Hmm not starting anymore... turn the key and just a loud click then nothing... fuesable link?
Do you have a CEL with key in run position?
 
Do you have a CEL with key in run position?
If yes, fusible links good.
If no, fusible links need to be checked.
Then check sensors for wire connections
 
On the cooling system:
Did you "burp" the system to clear all the air? Front end up, radiator cap off, run until it just starts to overflow, then cap on, make sure reservoir is filled to the line and the reservoir (overflow) cap is installed and oriented correctly.

Let it cool, lather, rinse, repeat.
No haven’t done the full burp process yet, I will need the tires on for it, but yes am familiar with it.. it just seemed like the head and valve cover were getting abnormally hot but maybe I’m just miss informed
 
If yes, fusible links good.
If no, fusible links need to be checked.
Then check sensors for wire connections
Yes CEL when key is in run
 
It turns on heaters blowing and all, cel on, but then just a loud click and nothing, dash goes dead too
 
Hmm not starting anymore... turn the key and just a loud click then nothing... fuesable link?

Possible starter contacts or low battery voltage.
 
Possible starter contacts or low battery voltage.
Battery was on trickle charge for a day or so but honestly could be as I started the truck a bunch and didn’t let it run long
 
It turns on heaters blowing and all, cel on, but then just a loud click and nothing, dash goes dead too
Yup, check battery cables, make sure your alternator is plugged in, make sure you installed your ground straps.
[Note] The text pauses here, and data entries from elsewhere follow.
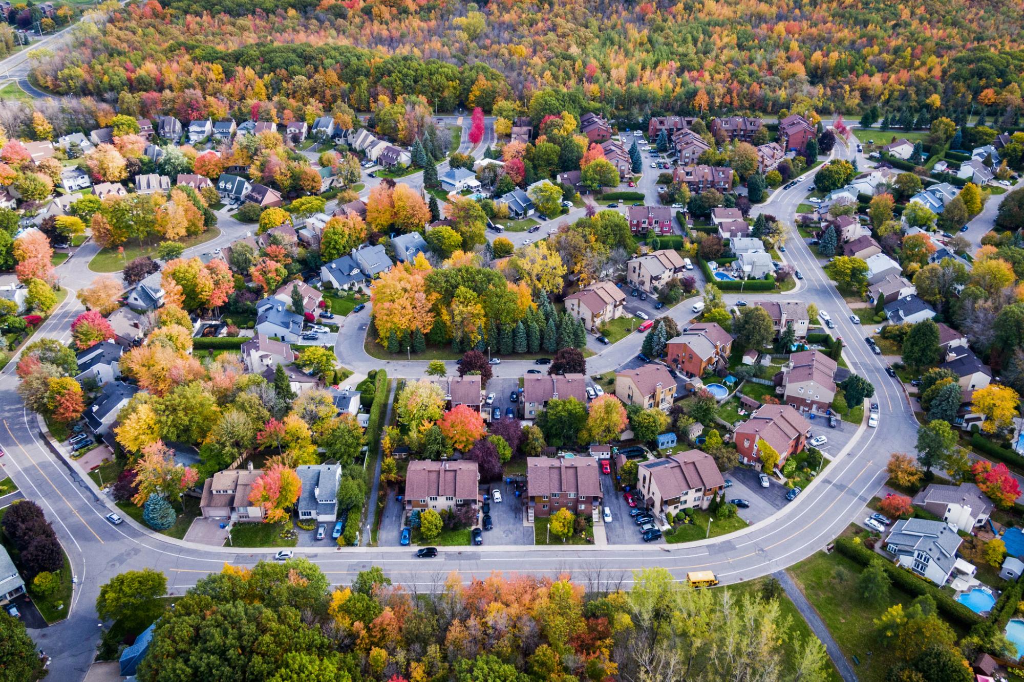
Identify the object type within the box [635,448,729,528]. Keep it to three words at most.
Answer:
house
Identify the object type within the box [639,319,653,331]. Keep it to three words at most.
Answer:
vehicle
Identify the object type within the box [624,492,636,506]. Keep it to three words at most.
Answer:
vehicle
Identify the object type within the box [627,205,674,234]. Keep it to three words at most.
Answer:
house
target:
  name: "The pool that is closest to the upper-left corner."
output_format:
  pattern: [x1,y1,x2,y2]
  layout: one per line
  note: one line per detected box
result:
[195,320,233,338]
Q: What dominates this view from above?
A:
trees
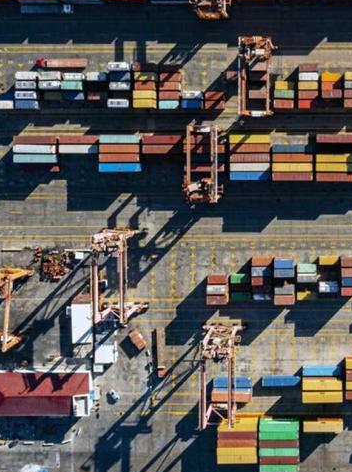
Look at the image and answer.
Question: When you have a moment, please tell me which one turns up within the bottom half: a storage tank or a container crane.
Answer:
container crane
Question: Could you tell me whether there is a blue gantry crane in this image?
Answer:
No
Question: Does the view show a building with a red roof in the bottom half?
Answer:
Yes
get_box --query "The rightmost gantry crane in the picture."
[227,32,284,121]
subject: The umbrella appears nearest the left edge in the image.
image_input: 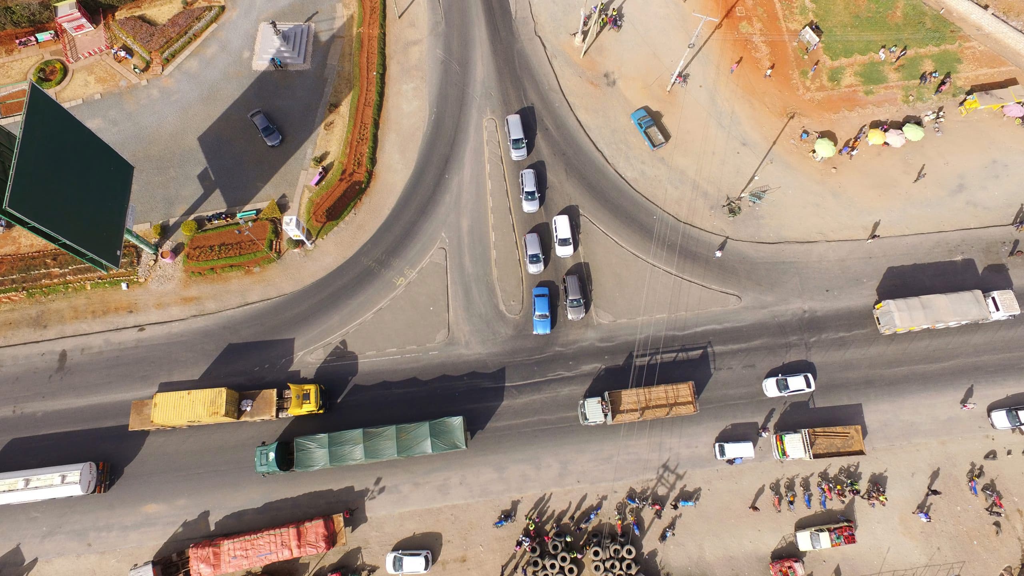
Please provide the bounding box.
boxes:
[813,139,832,159]
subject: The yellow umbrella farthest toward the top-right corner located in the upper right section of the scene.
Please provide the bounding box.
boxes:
[864,130,883,147]
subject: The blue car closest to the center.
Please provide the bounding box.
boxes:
[531,287,554,335]
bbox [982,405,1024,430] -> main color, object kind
white car
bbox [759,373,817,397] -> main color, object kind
white car
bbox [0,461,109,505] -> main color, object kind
white truck
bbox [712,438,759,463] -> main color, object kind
white vehicle
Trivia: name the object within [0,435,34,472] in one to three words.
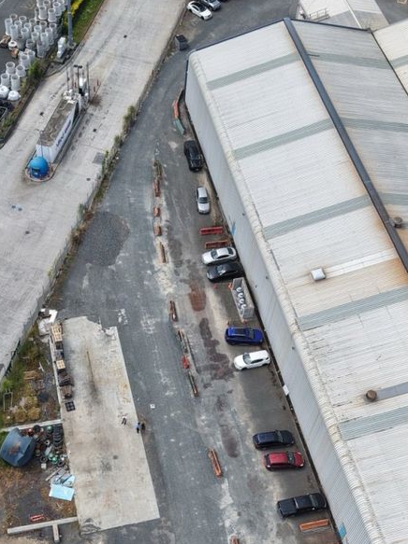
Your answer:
storage tank
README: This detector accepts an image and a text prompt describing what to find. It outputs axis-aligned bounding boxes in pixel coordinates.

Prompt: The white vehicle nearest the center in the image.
[201,246,238,266]
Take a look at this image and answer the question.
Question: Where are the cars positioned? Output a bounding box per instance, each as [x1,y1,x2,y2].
[195,186,211,212]
[187,1,213,19]
[186,141,203,168]
[200,0,221,9]
[226,325,263,345]
[234,349,271,370]
[253,428,296,448]
[201,246,238,266]
[265,451,304,471]
[207,263,244,283]
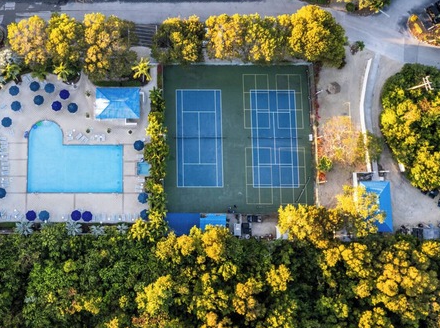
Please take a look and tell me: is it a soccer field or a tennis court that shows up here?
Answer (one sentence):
Of the two, only a tennis court appears.
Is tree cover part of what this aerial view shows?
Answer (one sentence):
Yes, tree cover shows up in the scene.
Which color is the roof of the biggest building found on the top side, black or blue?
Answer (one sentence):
The color of the roof of the biggest building found on the top side is blue.
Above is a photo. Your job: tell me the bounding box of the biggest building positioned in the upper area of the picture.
[96,87,144,126]

And check your battery voltage. Anything 12.5 V and lower means it's "dead". Should be 13-13.5V at rest.
 
Alright that’s all she wrote for me tonight folks, battery is on trickle charge. I’ll keep posted in the morning. Homeowner of the shop is asleep and I can’t boost of his car tonight anyways...
 
Alright that’s all she wrote for me tonight folks, battery is on trickle charge. I’ll keep posted in the morning. Homeowner of the shop is asleep and I can’t boost of his car tonight anyways...
Ride safely as you pedal home in the dark........
 
Ride safely as you pedal home in the dark........
Haha thanks dude!! Lots of coyotes howling up on the hill

ToMorrow that bike will be in the backseat fingers crossed
 
Make sure your grounds are good and secure. That to me sounds like the ground from the block to the battery is loose.
Any idea what ground it could be? From my understanding there are 4 grounds coming off the block. One on the head near the heater valve and then one on the engine pulling point and 2 on the intake manifolds
 
From experience on other cars, if it just clicks when attempting to start, it's usually from the motor to the chassis or battery.
I've figured out volt drops by doing the following:
  1. Check voltage at the battery posts. As stated before, should be 12.5v or higher but regardless of what it is, this is your spec for the next check
  2. Check voltage at the cable itself. Compare to voltage from #1
  3. With your positive lead on the B+ post, put the negative lead on the fender ground bolt, then on the lifting hook on the head (or similar) The voltage should be the same or very very close to voltage at your posts from #1
My guess is it's the large guage main ground from the battery to the block is finger tight. On the cars I have seen with similar symptoms of interior lights/ accessories working but starter just clicks, it's been the block to battery or chassis ground. You probably at least had the firewall and block one off to do the head.